Search each line below for the word "stroke" and list those that contain it.

[Saved data entries]
»»
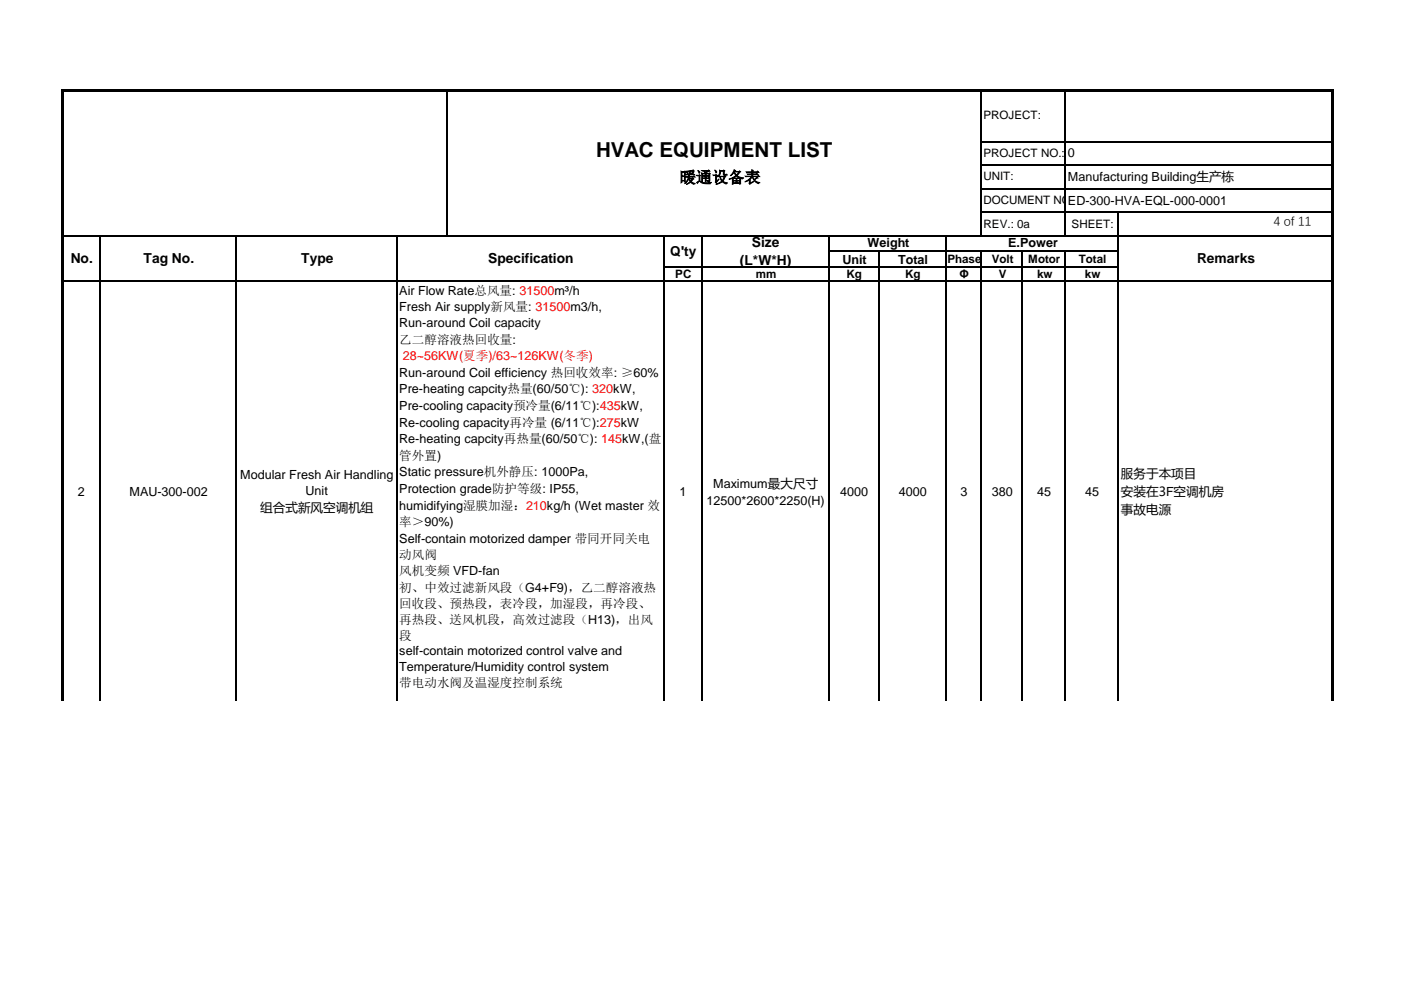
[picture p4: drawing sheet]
<svg xmlns="http://www.w3.org/2000/svg" width="297mm" height="210mm" viewBox="0 0 297 210" stroke-linecap="round" stroke-linejoin="round" font-family="sans-serif">
<defs><g id="words">
<text font-size="4.4" x="126.3" y="33.3">HVAC EQUIPMENT LIST</text>
<text font-size="3.4" x="144.1" y="38.7">暖通设备表</text>
<g font-size="2.9">
<text x="159.4" y="52.4">Size</text>
<text x="15" y="55.7">No.</text>
<text x="30.4" y="55.7">Tag No.</text>
<text x="63.8" y="55.7">Type</text>
<text x="103.5" y="55.7">Specification</text>
<text x="142" y="54.2">Q'ty</text>
<text x="156.8" y="56.1">(L*W*H)</text>
<text x="253.7" y="55.7">Remarks</text>
</g>
<g font-size="2.7">
<text x="226.3" y="33.4">0</text>
<text x="226.3" y="38.3">Manufacturing Building生产栋</text>
<text x="226.3" y="43.4">ED-300-HVA-EQL-000-0001</text>
<text x="270" y="47.8">4 of 11</text>
<text x="183.8" y="52.4">Weight</text>
<text x="213.7" y="52.4">E.Power</text>
<text x="178.5" y="55.8">Unit</text>
<text x="190.4" y="55.8">Total</text>
<text x="84.6" y="62.4">Air Flow Rate总风量: 31500m³/h</text>
<text x="84.6" y="66">Fresh Air supply新风量: 31500m3/h,</text>
<text x="84.6" y="69.3">Run-around Coil capacity</text>
<text x="84.6" y="72.8">乙二醇溶液热回收量:</text>
<text x="84.6" y="79.9">Run-around Coil efficiency 热回收效率: ≥60%</text>
<text x="84.6" y="83.4">Pre-heating capcity热量(60/50℃): 320kW,</text>
<text x="84.6" y="86.9">Pre-cooling capacity预冷量(6/11℃):435kW,</text>
<text x="84.6" y="90.4">Re-cooling capacity再冷量 (6/11℃):275kW</text>
<text x="84.6" y="93.9">Re-heating capcity再热量(60/50℃): 145kW,(盘</text>
<text x="50.9" y="101.4">Modular Fresh Air Handling</text>
<text x="84.6" y="97.4">管外置)</text>
<text x="84.6" y="100.9">Static pressure机外静压: 1000Pa,</text>
<text x="237.6" y="101.2">服务于本项目</text>
<text x="16.5" y="105">2</text>
<text x="27.4" y="105">MAU-300-002</text>
<text x="64.8" y="104.8">Unit</text>
<text x="84.6" y="104.5">Protection grade防护等级: IP55,</text>
<text x="84.6" y="108">humidifying湿膜加湿：210kg/h (Wet master 效</text>
<text x="144" y="105">1</text>
<text x="149.8" y="107">12500*2600*2250(H)</text>
<text x="151.1" y="103.4">Maximum最大尺寸</text>
<text x="178.1" y="105">4000</text>
<text x="190.5" y="105">4000</text>
<text x="203.6" y="105">3</text>
<text x="210.2" y="105">380</text>
<text x="219.8" y="105">45</text>
<text x="230" y="105">45</text>
<text x="237.6" y="105">安装在3F空调机房</text>
<text x="55.2" y="108.4">组合式新风空调机组</text>
<text x="84.6" y="111.5">率＞90%)</text>
<text x="237.6" y="108.9">事故电源</text>
<text x="84.6" y="115">Self-contain motorized damper 带同开同关电</text>
<text x="84.6" y="118.5">动风阀</text>
<text x="84.6" y="121.8">风机变频 VFD-fan</text>
<text x="84.6" y="125.3">初、中效过滤新风段（G4+F9)，乙二醇溶液热</text>
<text x="84.6" y="128.8">回收段、预热段，表冷段，加湿段，再冷段、</text>
<text x="84.6" y="132.1">再热段、送风机段，高效过滤段（H13)，出风</text>
<text x="84.6" y="135.7">段</text>
<text x="84.6" y="138.8">self-contain motorized control valve and</text>
<text x="84.6" y="142.1">Temperature/Humidity control system</text>
<text x="84.6" y="145.7">带电动水阀及温湿度控制系统</text>
</g>
<text font-size="2.7" fill="#f00" x="85.4" y="76.3">28~56KW(夏季)/63~126KW(冬季)</text>
<g font-size="2.5">
<text x="208.4" y="25.3">PROJECT:</text>
<text x="208.4" y="33.2">PROJECT NO.:</text>
<text x="208.4" y="38.2">UNIT:</text>
<text x="208.4" y="43.2">DOCUMENT NO.:</text>
<text x="208.4" y="48.2">REV.: 0a</text>
<text x="227.1" y="48.4">SHEET:</text>
<text x="143.1" y="58.9">PC</text>
<text x="160.2" y="58.9">mm</text>
<text x="179.4" y="59">Kg</text>
<text x="191.8" y="59">Kg</text>
<text x="200.8" y="55.8">Phase</text>
<text x="203.4" y="59">Φ</text>
<text x="210.2" y="55.8">Volt</text>
<text x="211.7" y="58.9">V</text>
<text x="217.9" y="55.8">Motor</text>
<text x="219.8" y="58.9">kw</text>
<text x="228.7" y="55.8">Total</text>
<text x="229.9" y="58.9">kw</text>
</g>
</g></defs>
<g fill="none" stroke="#000" stroke-width=".25">
<path d="M94.7 19.4v30.7M207.9 19.4v30.7M225.8 19.4v30.7M208.1 30h74.1M208.1 35h74.1M13.4 50h268.8M13.4 59.6h268.8M21.2 50.1v98.4M50.1 50.1v98.4M84.1 50.1v98.4M140.6 50.1v98.4M140.8 56.5h96.3"/>
<path d="M148.7 50.1v98.4M175.7 50.1v98.4M175.8 53.3h61.3M186.2 53.4v95.1M200.6 50.1v98.4M207.9 53.4v95.1M208.1 40h74.1M208.1 45h74.1M216.7 53.4v95.1M225.8 53.4v95.1M237 45.1v103.4"/>
</g>
<g fill="#000">
<path d="M13.4 18.9h269.2v.5h-269.2z" fill-rule="evenodd"/>
<path d="M13 18.9h.4v40.8h-.4z" fill-rule="evenodd"/>
<path d="M282.2 19.4h.4v40.3h-.4z" fill-rule="evenodd"/>
<path d="M13 59.4h.4v89.1h-.4z" fill-rule="evenodd"/>
<path d="M282.2 59.4h.4v89.1h-.4z" fill-rule="evenodd"/>
</g>
<use href="#words"/>
</svg>
««
▶ [Worked solution]:
<svg xmlns="http://www.w3.org/2000/svg" width="297mm" height="210mm" viewBox="0 0 297 210" stroke-linecap="round" stroke-linejoin="round" font-family="sans-serif">
<g fill="none" stroke="#000" stroke-width=".25">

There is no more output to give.